Baughman V L, Hoffman W E, Thomas C, Miletich D J, Albrecht R F
Department of Anesthesiology, Michael Reese Hospital and Medical Center, Chicago, Illinois 60616.
Anesthesiology. 1990 Jan;72(1):85-94. doi: 10.1097/00000542-199001000-00016.
Using a rat model of incomplete cerebral ischemia the effects of isoflurane (iso) and methohexital (metho) were compared with those of 70% nitrous oxide controls (N2O). Two levels of incomplete cerebral ischemia were produced by right carotid occlusion plus hypotension for 30 min: moderate = 30 mmHg, FIO2 = 0.30; severe = 25 mmHg, FIO2 = 0.20. The iso doses (1 and 2 MAC) and metho doses (0.01 and 0.1 mg.kg-1.min-1) were tested at each ischemic level. These iso and metho doses were selected because without ischemia they produced similar decreases in cerebral oxygen consumption (CMRO2) compared with that produced in N2O controls. In the absence of ischemia, the electroencephalogram (EEG) was suppressed by 0.01 mg.kg-1.min-1 metho and 1 MAC iso and showed burst-suppression with 0.1 mg.kg-1.min-1 metho and 2 MAC iso. The EEG was further depressed by ischemia under all anesthetic conditions. Neurologic outcome was evaluated for 3 days following incomplete cerebral ischemia by using a graded deficit score (0 = normal, 5 = death associated with stroke). Following moderate ischemia all four anesthetic treatments improved outcome compared with N2O controls, but after severe ischemia only 2 MAC iso significantly improved outcome. Neurohistopathology was evaluated on a scale of 0 to 40, 24 h after ischemia. The neurohistopathology score was significantly improved by all four anesthetic treatments compared with N2O following moderate ischemia and was better with 2 MAC iso compared with 0.1 mg.kg-1.min-1 metho after both moderate and severe ischemia. These results show that both iso and metho improve outcome from cerebral ischemia compared with that associated with N2O, but only 2 MAC iso resulted in an improved outcome following severe ischemia. This difference in outcome between the two anesthetics may be related to greater neuronal depression with iso, which may occur with little difference in cerebral metabolic depression.
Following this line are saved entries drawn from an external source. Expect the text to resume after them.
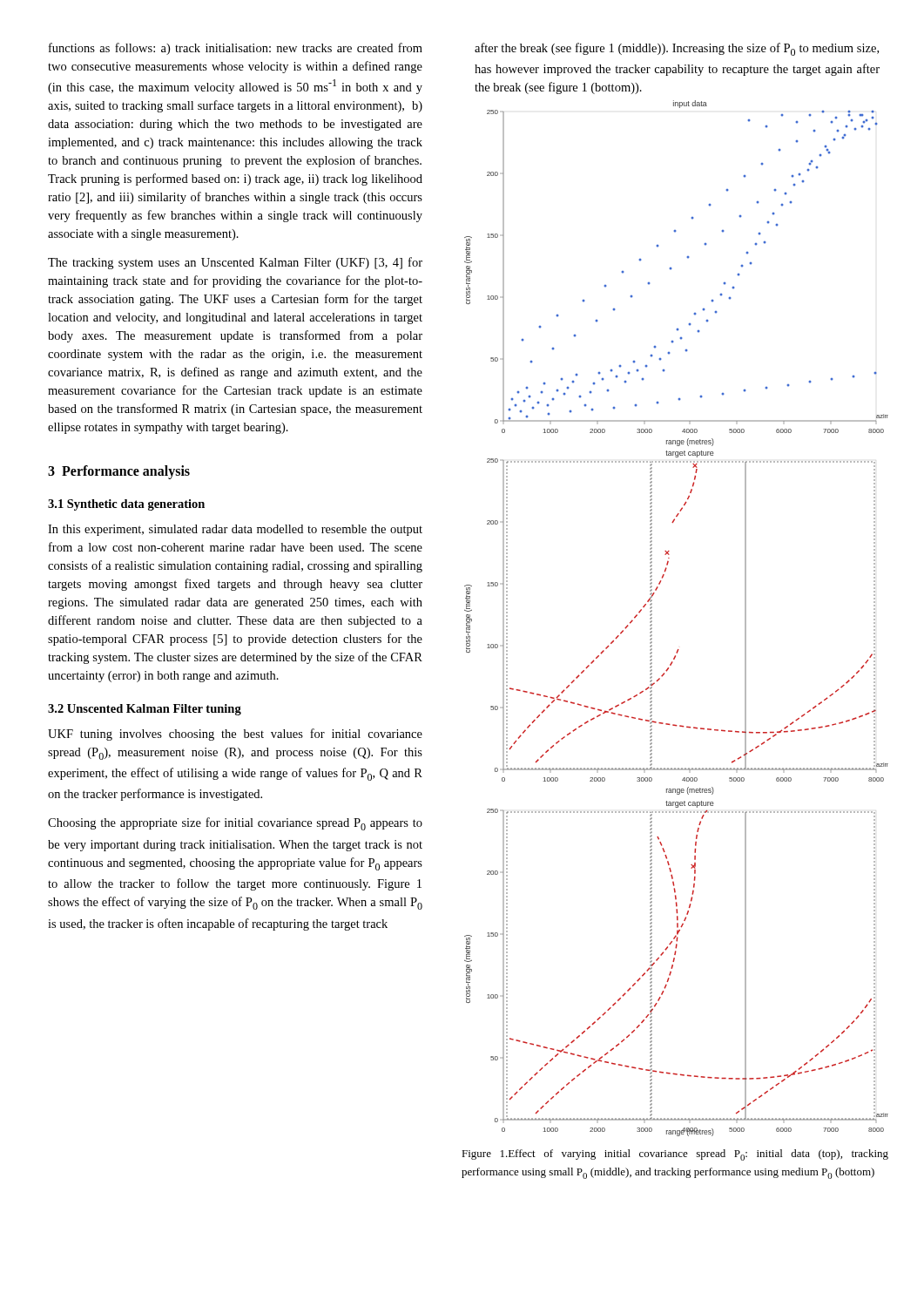Click the section header that begins "3.2 Unscented Kalman"
Image resolution: width=924 pixels, height=1307 pixels.
pos(144,708)
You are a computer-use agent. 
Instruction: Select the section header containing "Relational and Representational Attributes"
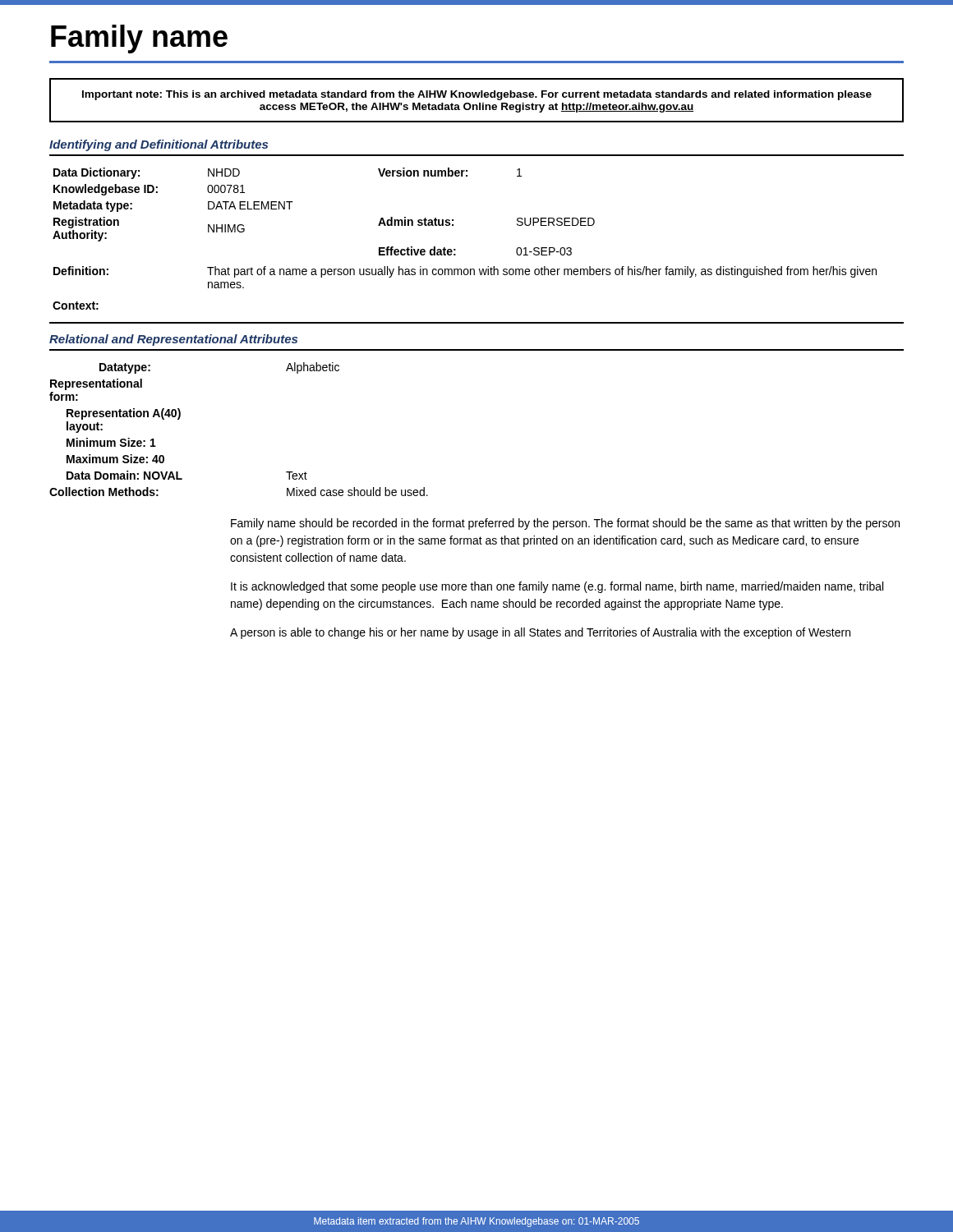click(x=174, y=339)

使用不完全性脑缺血大鼠模型,将异氟烷(iso)和甲己炔巴比妥(metho)的效果与70%氧化亚氮对照组(N2O)进行比较。通过右侧颈动脉闭塞加低血压30分钟产生两种不完全性脑缺血水平:中度=30 mmHg,FIO2 = 0.30;重度=25 mmHg,FIO2 = 0.20。在每个缺血水平测试异氟烷剂量(1和2 MAC)和甲己炔巴比妥剂量(0.01和0.1 mg·kg-1·min-1)。选择这些异氟烷和甲己炔巴比妥剂量是因为在无缺血情况下,与N2O对照组相比,它们使脑氧耗量(CMRO2)产生相似程度的降低。在无缺血时,脑电图(EEG)在甲己炔巴比妥剂量为0.01 mg·kg-1·min-1和异氟烷剂量为1 MAC时受到抑制,在甲己炔巴比妥剂量为0.1 mg·kg-1·min-1和异氟烷剂量为2 MAC时显示爆发抑制。在所有麻醉条件下,缺血都会使脑电图进一步受到抑制。在不完全性脑缺血后3天,使用分级缺陷评分(0 =正常,5 =与中风相关的死亡)评估神经功能结局。与N2O对照组相比,中度缺血后所有四种麻醉处理均改善了结局,但重度缺血后只有2 MAC异氟烷显著改善了结局。在缺血24小时后,以0至40的评分标准评估神经组织病理学。与N2O相比,中度缺血后所有四种麻醉处理均使神经组织病理学评分显著改善,在中度和重度缺血后,2 MAC异氟烷的评分优于0.1 mg·kg-1·min-1甲己炔巴比妥。这些结果表明,与N2O相关情况相比,异氟烷和甲己炔巴比妥均改善了脑缺血的结局,但只有2 MAC异氟烷在重度缺血后使结局得到改善。两种麻醉剂在结局上的这种差异可能与异氟烷引起的更强的神经元抑制有关,这可能在脑代谢抑制差异不大的情况下发生。